▶ [Required action] Produce a verbatim copy of the data below that contains no pictures.
^^^^
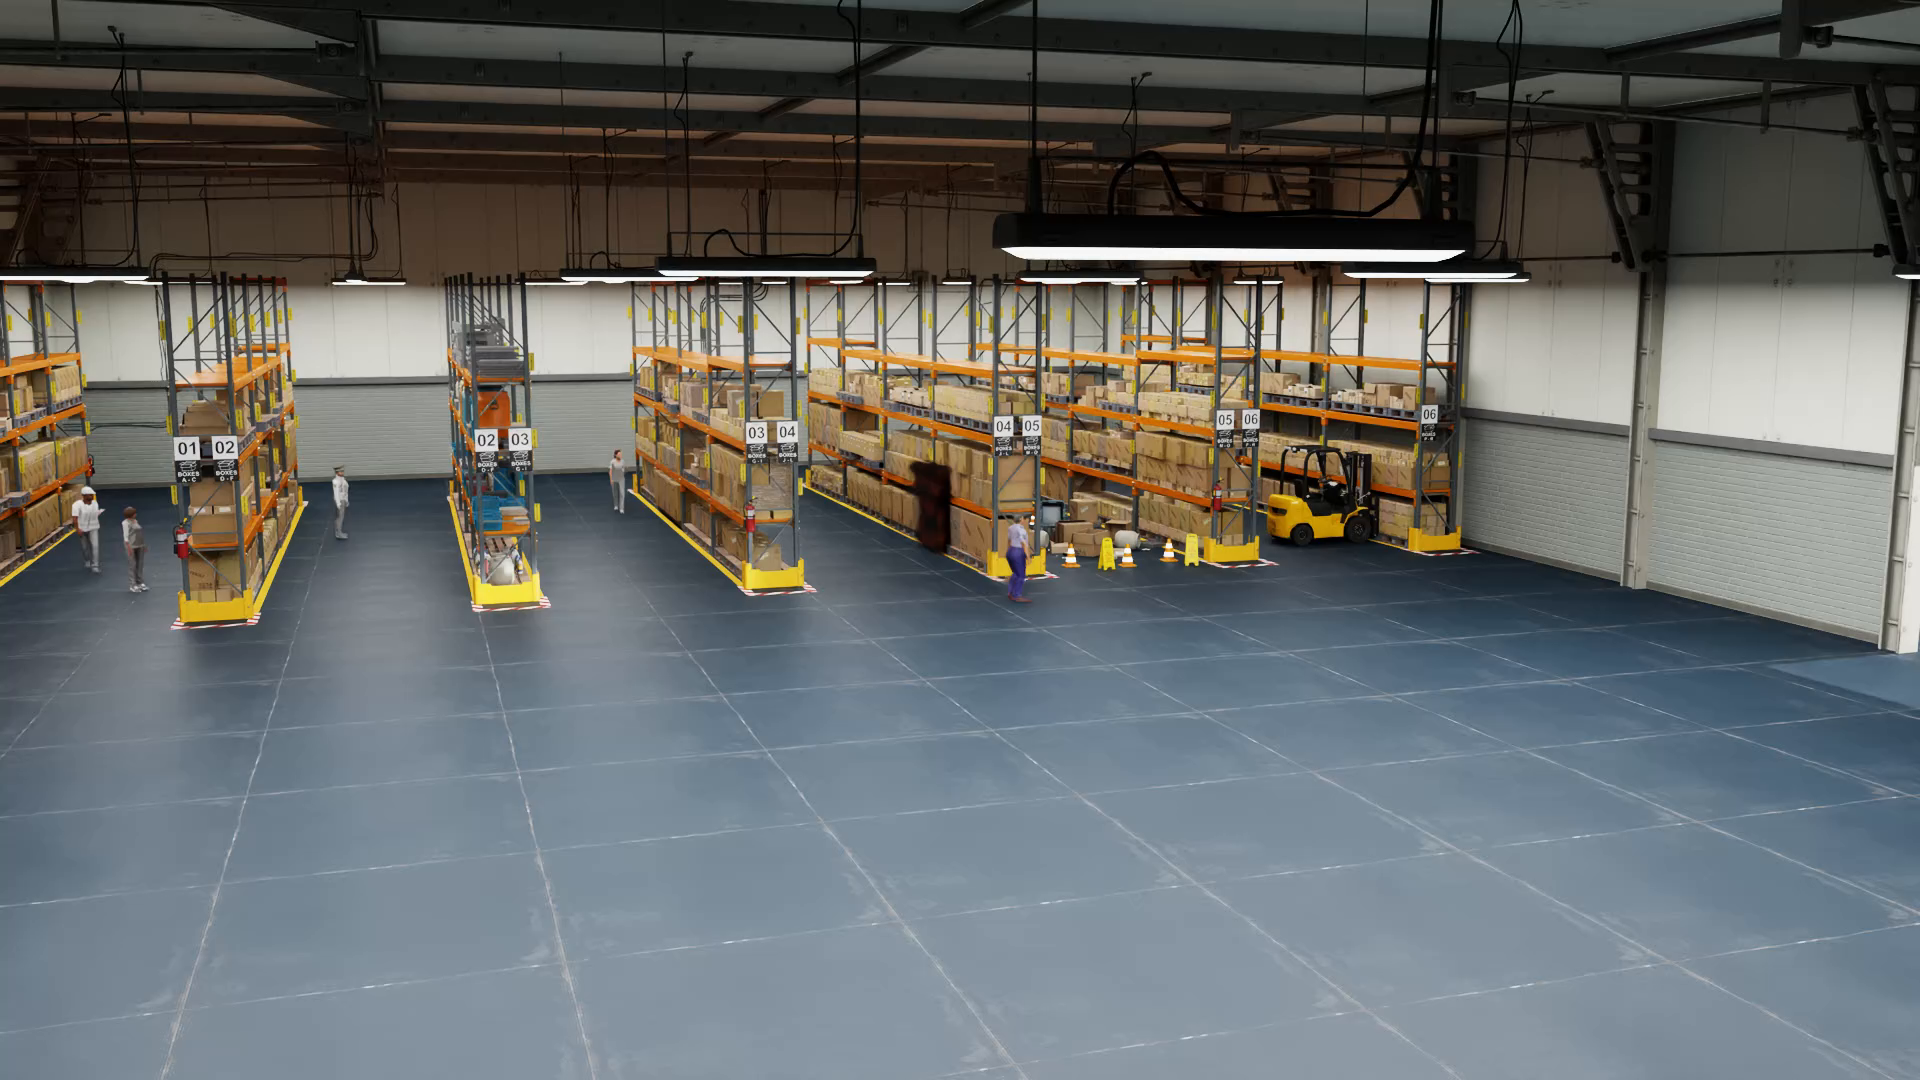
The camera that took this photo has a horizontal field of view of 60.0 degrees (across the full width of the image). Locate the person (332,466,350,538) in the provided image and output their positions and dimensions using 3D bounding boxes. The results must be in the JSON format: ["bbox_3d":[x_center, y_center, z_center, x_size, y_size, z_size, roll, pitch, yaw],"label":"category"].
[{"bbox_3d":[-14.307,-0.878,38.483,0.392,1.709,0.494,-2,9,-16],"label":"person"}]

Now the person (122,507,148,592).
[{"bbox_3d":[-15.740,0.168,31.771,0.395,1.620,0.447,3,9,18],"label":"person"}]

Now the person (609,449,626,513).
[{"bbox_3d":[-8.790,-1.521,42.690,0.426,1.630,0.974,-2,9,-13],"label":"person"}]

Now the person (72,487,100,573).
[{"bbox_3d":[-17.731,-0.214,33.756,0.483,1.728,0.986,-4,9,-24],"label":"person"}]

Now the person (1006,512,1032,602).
^^^^
▶ [Result of this exercise]
The camera that took this photo has a horizontal field of view of 60.0 degrees (across the full width of the image). Locate the person (332,466,350,538) in the provided image and output their positions and dimensions using 3D bounding boxes. The results must be in the JSON format: ["bbox_3d":[x_center, y_center, z_center, x_size, y_size, z_size, roll, pitch, yaw],"label":"category"].
[{"bbox_3d":[-14.307,-0.878,38.483,0.392,1.709,0.494,-2,9,-16],"label":"person"}]

Now the person (122,507,148,592).
[{"bbox_3d":[-15.740,0.168,31.771,0.395,1.620,0.447,3,9,18],"label":"person"}]

Now the person (609,449,626,513).
[{"bbox_3d":[-8.790,-1.521,42.690,0.426,1.630,0.974,-2,9,-13],"label":"person"}]

Now the person (72,487,100,573).
[{"bbox_3d":[-17.731,-0.214,33.756,0.483,1.728,0.986,-4,9,-24],"label":"person"}]

Now the person (1006,512,1032,602).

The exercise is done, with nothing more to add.